____ DATA TO USE
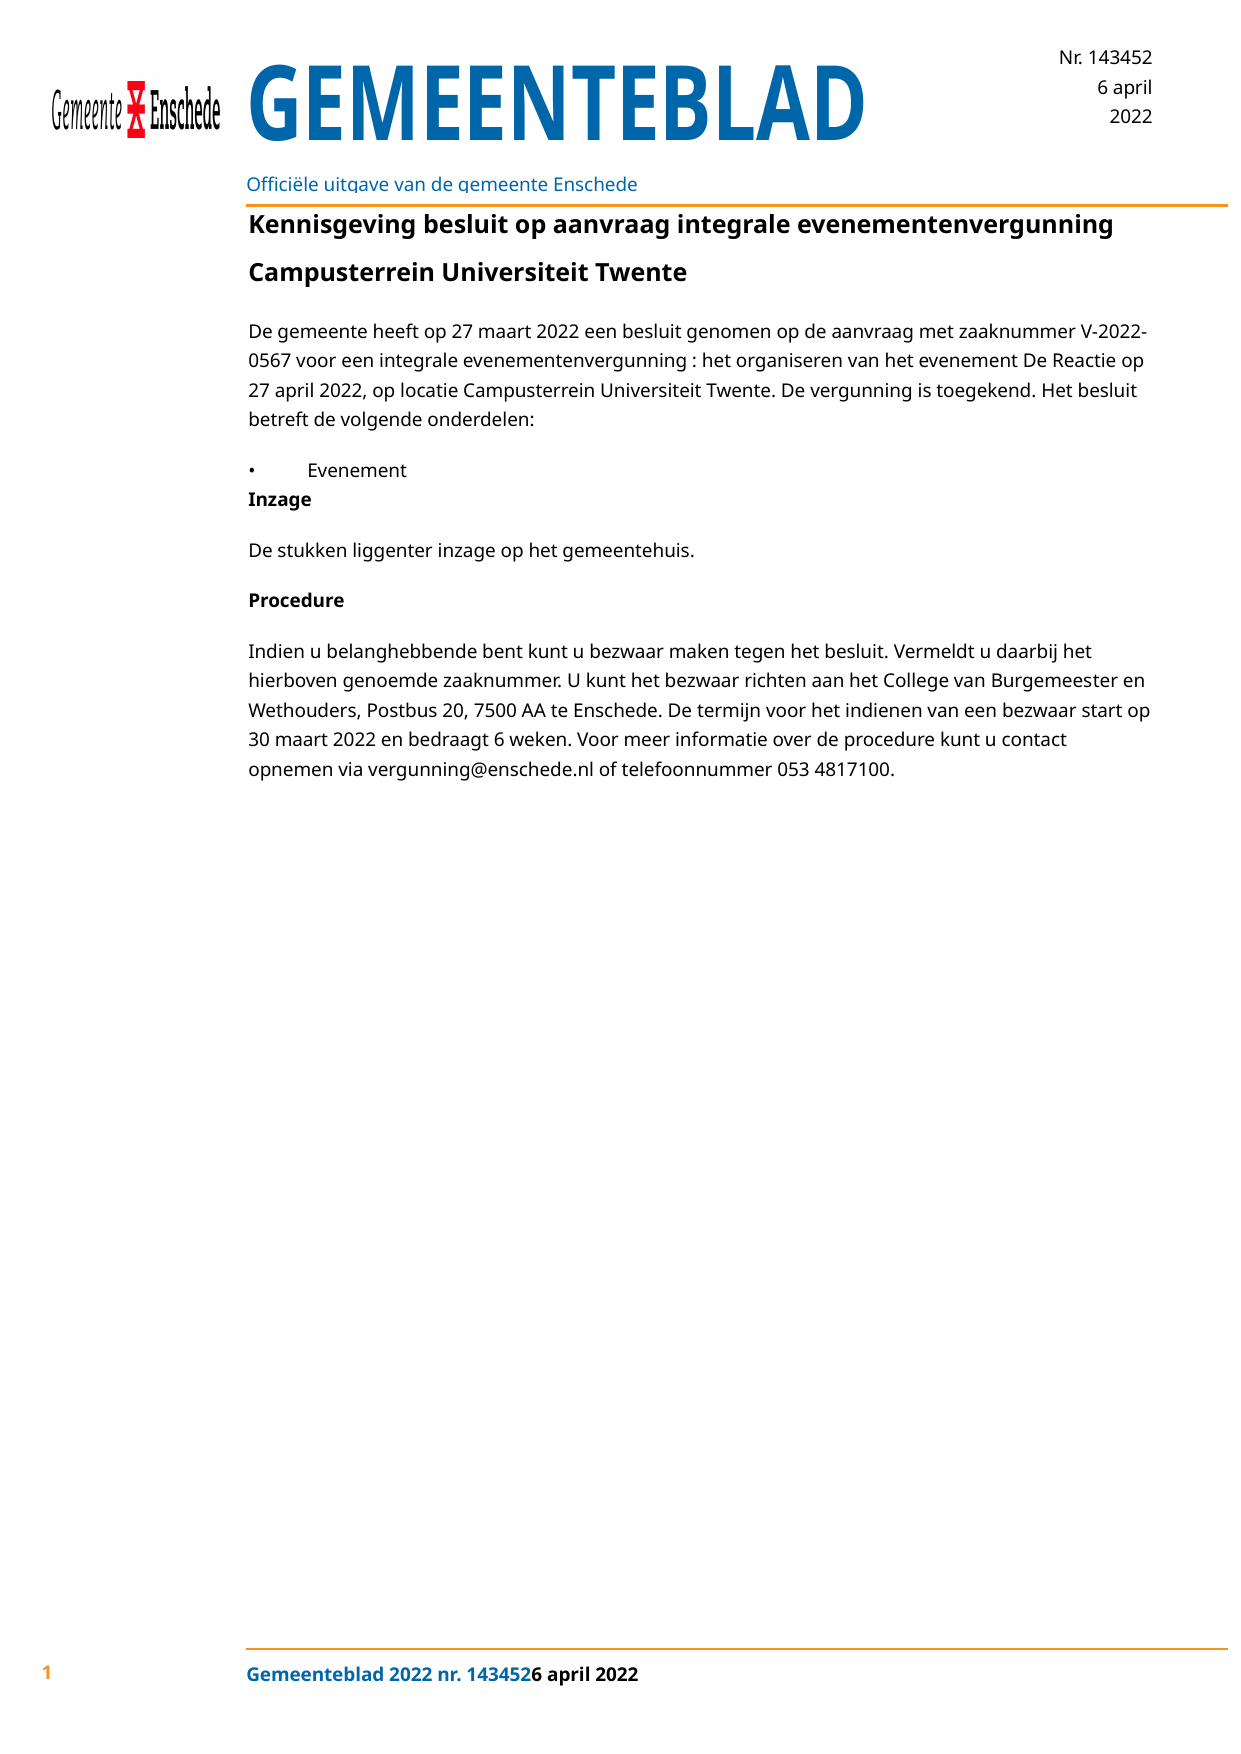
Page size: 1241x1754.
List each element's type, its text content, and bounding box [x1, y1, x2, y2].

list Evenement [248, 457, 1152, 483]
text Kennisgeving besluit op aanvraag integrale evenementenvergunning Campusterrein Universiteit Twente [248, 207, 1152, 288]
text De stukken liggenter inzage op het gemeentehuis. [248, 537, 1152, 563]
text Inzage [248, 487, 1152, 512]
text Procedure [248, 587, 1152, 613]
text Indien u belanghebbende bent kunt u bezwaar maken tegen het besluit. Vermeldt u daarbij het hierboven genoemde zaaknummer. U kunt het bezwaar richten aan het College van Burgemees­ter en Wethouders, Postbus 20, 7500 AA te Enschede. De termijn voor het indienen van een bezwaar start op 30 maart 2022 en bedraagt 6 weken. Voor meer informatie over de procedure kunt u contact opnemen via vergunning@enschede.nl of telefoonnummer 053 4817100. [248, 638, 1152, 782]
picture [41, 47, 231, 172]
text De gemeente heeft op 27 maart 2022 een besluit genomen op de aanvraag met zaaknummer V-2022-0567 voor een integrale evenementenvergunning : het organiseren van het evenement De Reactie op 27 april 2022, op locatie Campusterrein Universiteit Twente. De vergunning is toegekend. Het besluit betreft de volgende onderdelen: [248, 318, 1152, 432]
________
→ EXERCISE AIM
For every line of the data above that contains "Campusterrein", copy that line.

→ ANSWER FOR THIS EXERCISE
text Kennisgeving besluit op aanvraag integrale evenementenvergunning Campusterrein Universiteit Twente [248, 207, 1152, 288]
text De gemeente heeft op 27 maart 2022 een besluit genomen op de aanvraag met zaaknummer V-2022-0567 voor een integrale evenementenvergunning : het organiseren van het evenement De Reactie op 27 april 2022, op locatie Campusterrein Universiteit Twente. De vergunning is toegekend. Het besluit betreft de volgende onderdelen: [248, 318, 1152, 432]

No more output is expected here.